Seniors are invaluable volunteers in public school reading programs. As a reading specialist in a public school where 95% of our students qualify for free or reduced lunch, I’ve had the good fortune to work with volunteers through United Way’s Schools of Hope program. The bond that forms between seniors and young students is amazing to see.

In economically disadvantaged homes, there often is limited access to books, parents are working long hours and do not have time to read with their children, and conditions in the home may be crowded, noisy, and not conducive to reading. When a senior volunteer comes in to school once a week to sit and read one-on-one with a student, the student is being given a special gift. The student gets a trusted adult’s full attention and reading support.

I’ve heard from our volunteers that the pleasure is all theirs! Our volunteers come from various walks of life, many are retired professionals, and they say it is refreshing and uplifting to work with young students and see their eagerness and exuberance for learning despite many challenges in their young lives.

Research shows that if a child isn’t a proficient reader by the end of third grade, it is very unlikely that he/she will graduate from high school and go on to higher education. Economically disadvantaged children are particularly at risk, because of the achievement gap between children of low-income and higher income families.

Much of this achievement gap is due to the phenomenon called “summer learning loss,” also referred to as “summer slide” or “summer setback.” Unlike in more well-to-do families, economically disadvantaged children often do not have enriching summer experiences such as trips to the library or bookstore, family trips to museums or historical sites, or travel vacations. These children come back to school in the fall having lost some of the learning gains of the previous year. If your community has any summer reading programs, this is an especially important time to volunteer.

If you decide to give volunteering a try, you’ll probably need to get a T.B. test and get fingerprinted. If you go through a sponsoring organization such as United Way or your local volunteer center, they will probably take care of all this at no cost to you.
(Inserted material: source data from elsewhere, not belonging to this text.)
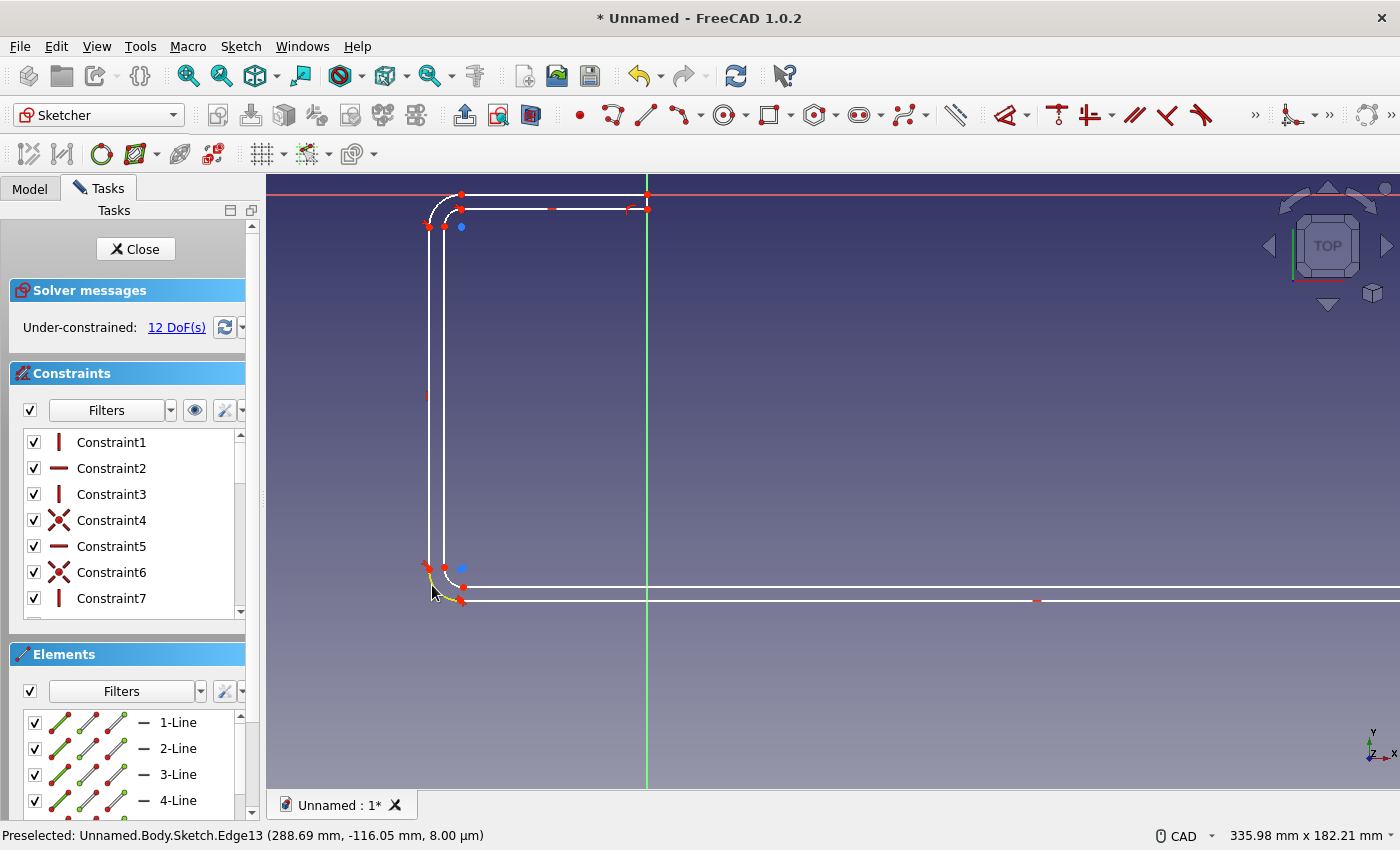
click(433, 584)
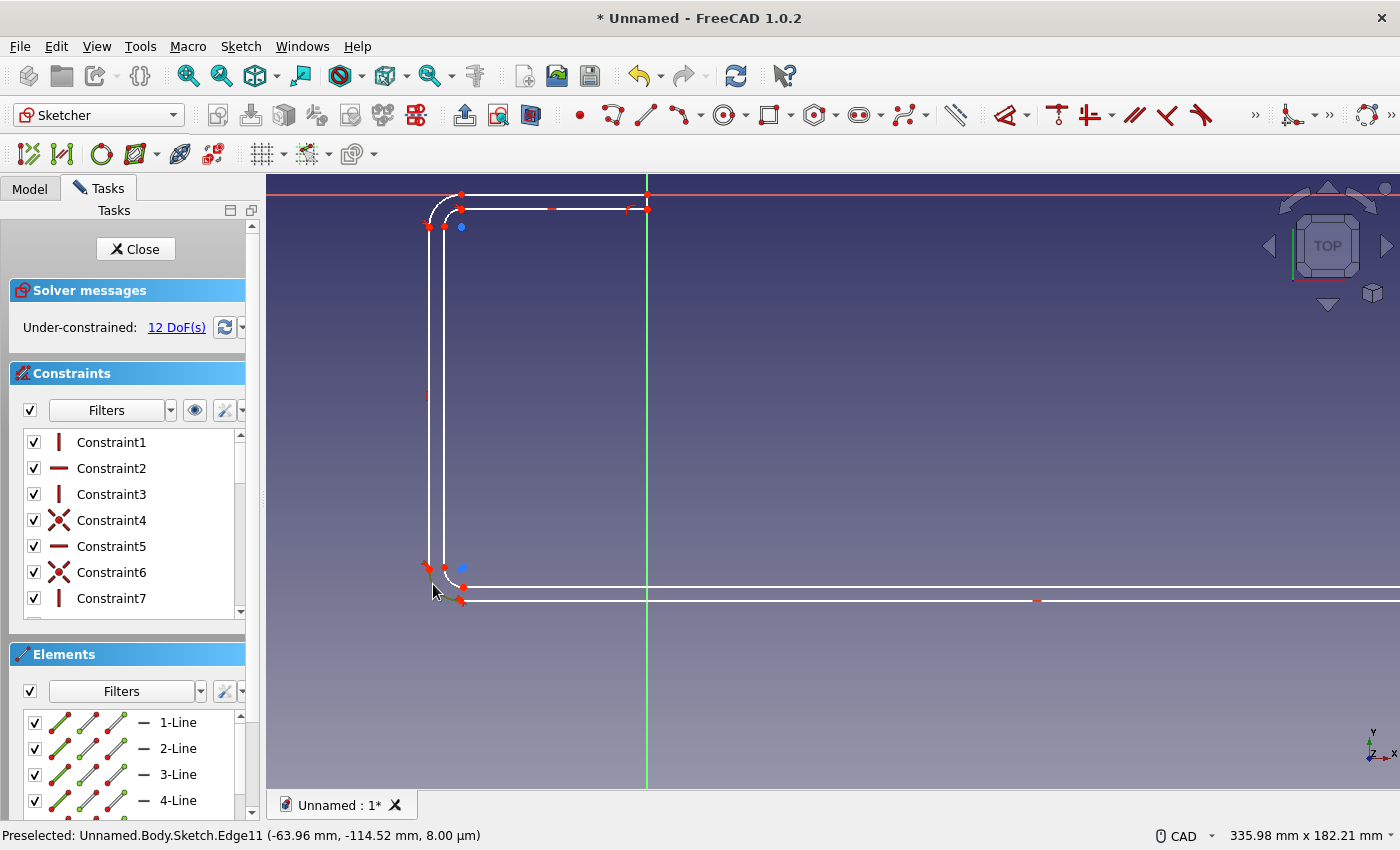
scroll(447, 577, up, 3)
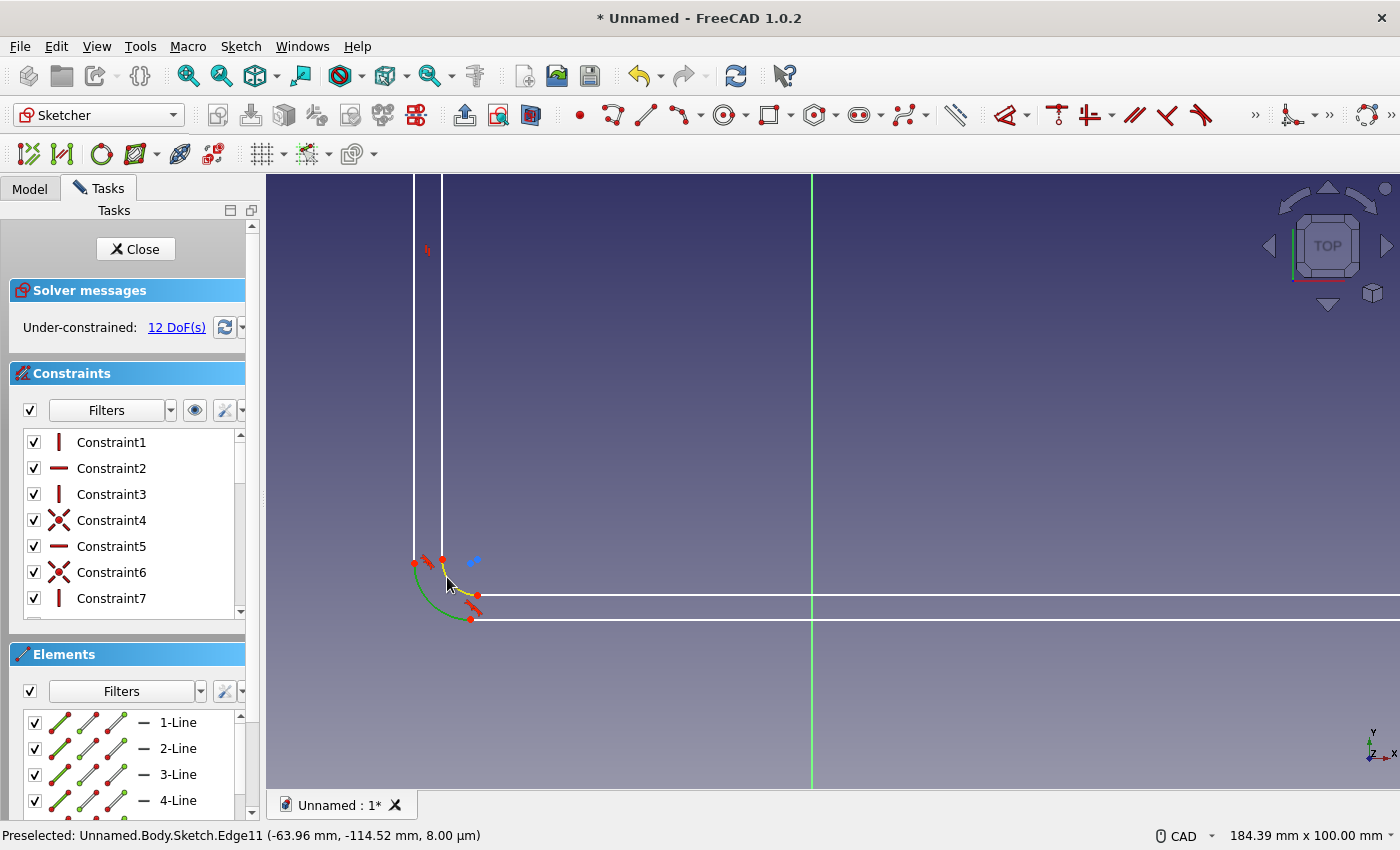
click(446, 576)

Some organizations have tutor training workshops, and will offer you a choice of placement in a particular school or grade of your choosing. In other communities, school districts or individual schools have their own volunteer programs set up and you can call the school district directly.

From what I’ve heard from our volunteers, they like going through a sponsoring agency. All the necessary paperwork, training, and placement is arranged and hassle-free, and there are sometimes ongoing meetings and training and a supportive community of volunteers. Schools like it too because they know that the volunteers are vetted, reliable, and knowledgeable about how to read with a student.

I want to encourage retirees who are looking for a rewarding volunteer experience to check into your local volunteer organizations such as United Way and volunteer to read with students in elementary schools. I think you will find it gratifying and you will be very appreciated by students, teachers, and parents.